=== Your objective ===
Output all entries exactly as they appear and skip the pictures.

-- -- --

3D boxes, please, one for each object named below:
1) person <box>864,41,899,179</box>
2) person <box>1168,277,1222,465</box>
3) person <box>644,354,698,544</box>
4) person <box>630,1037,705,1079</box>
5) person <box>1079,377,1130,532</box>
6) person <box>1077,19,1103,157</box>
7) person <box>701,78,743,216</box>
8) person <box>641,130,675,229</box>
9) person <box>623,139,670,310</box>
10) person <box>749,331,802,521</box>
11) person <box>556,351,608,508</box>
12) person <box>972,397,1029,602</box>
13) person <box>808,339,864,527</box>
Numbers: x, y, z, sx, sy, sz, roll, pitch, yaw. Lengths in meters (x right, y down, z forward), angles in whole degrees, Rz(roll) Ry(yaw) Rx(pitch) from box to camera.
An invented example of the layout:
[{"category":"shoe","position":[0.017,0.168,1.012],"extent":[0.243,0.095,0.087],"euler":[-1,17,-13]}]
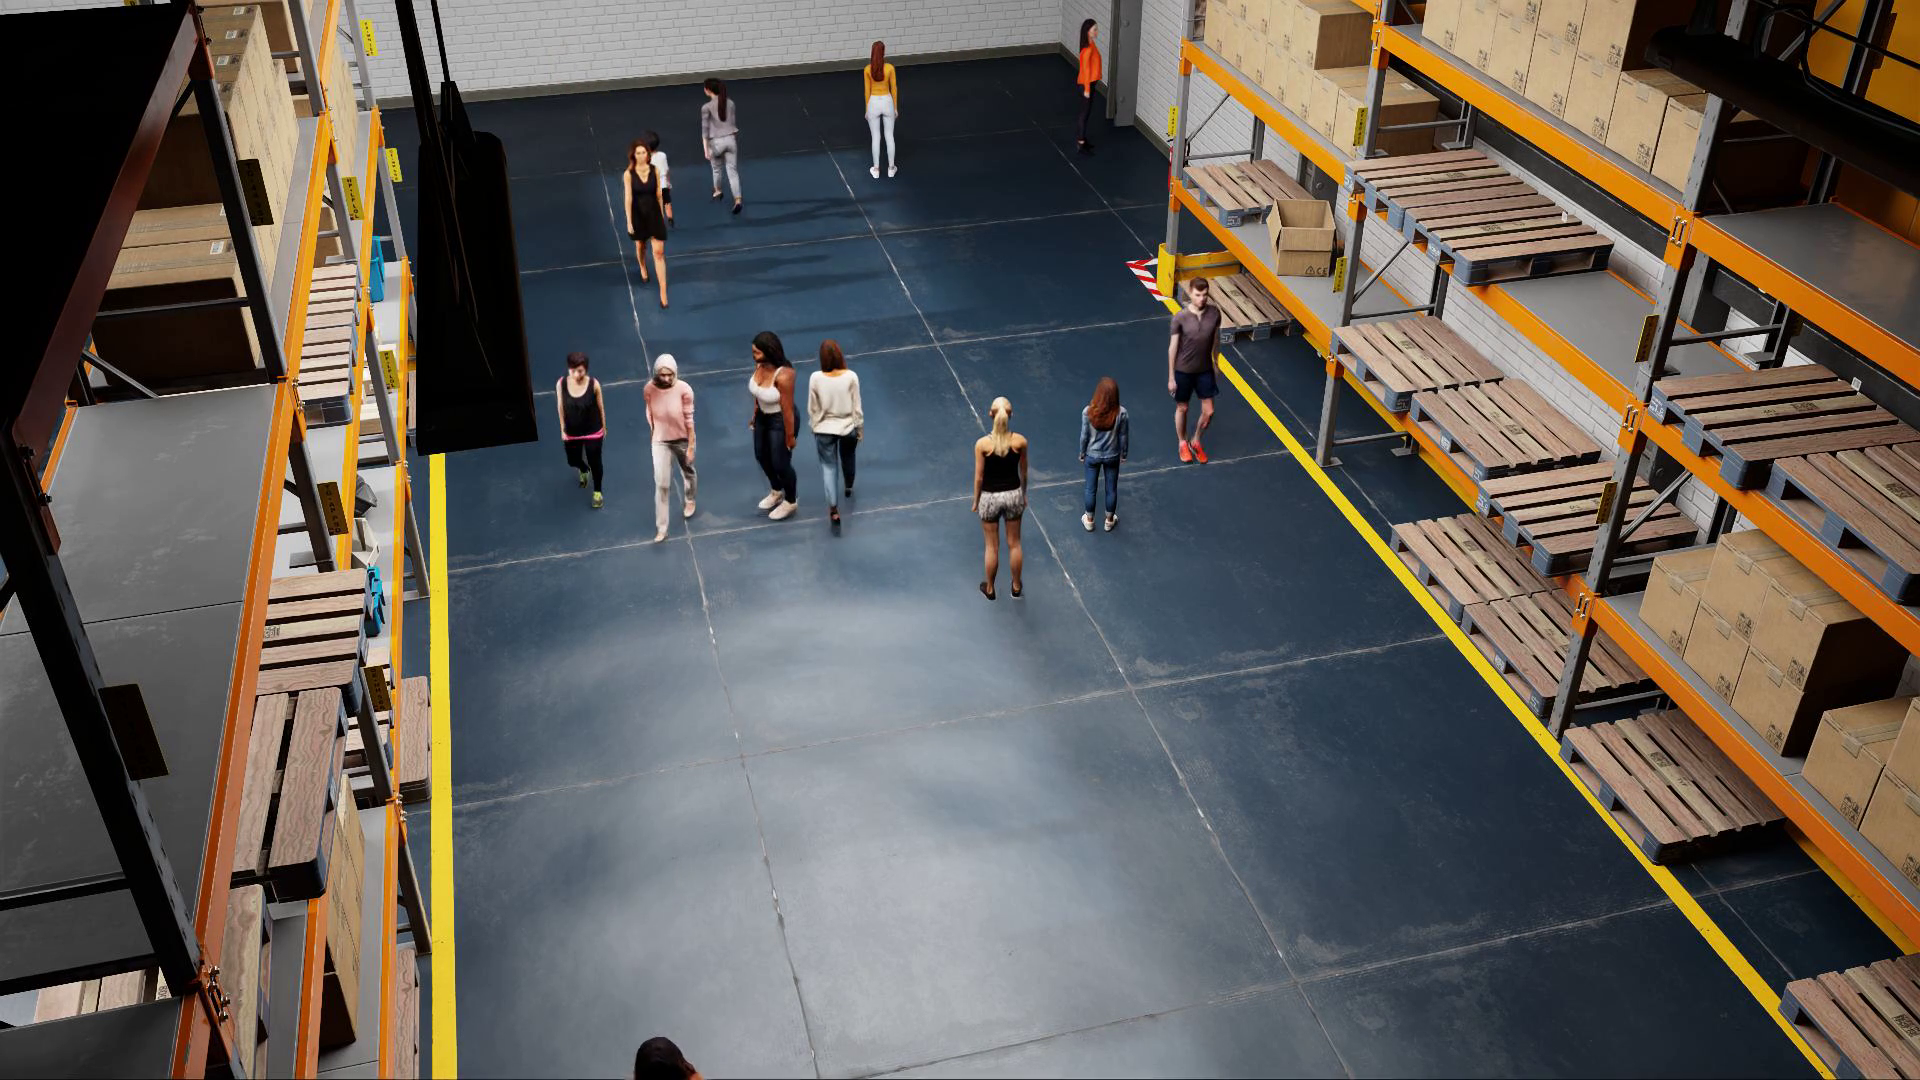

-- -- --

=== Response ===
3D boxes, please, one for each object named below:
1) person <box>864,41,899,179</box>
2) person <box>1168,277,1222,465</box>
3) person <box>644,354,698,544</box>
4) person <box>630,1037,705,1079</box>
5) person <box>1079,377,1130,532</box>
6) person <box>1077,19,1103,157</box>
7) person <box>701,78,743,216</box>
8) person <box>641,130,675,229</box>
9) person <box>623,139,670,310</box>
10) person <box>749,331,802,521</box>
11) person <box>556,351,608,508</box>
12) person <box>972,397,1029,602</box>
13) person <box>808,339,864,527</box>
Numbers: x, y, z, sx, sy, sz, roll, pitch, yaw. Lengths in meters (x right, y down, z forward), angles in whole degrees, Rz(roll) Ry(yaw) Rx(pitch) from box to camera.
An invented example of the layout:
[{"category":"shoe","position":[0.017,0.168,1.012],"extent":[0.243,0.095,0.087],"euler":[-1,17,-13]}]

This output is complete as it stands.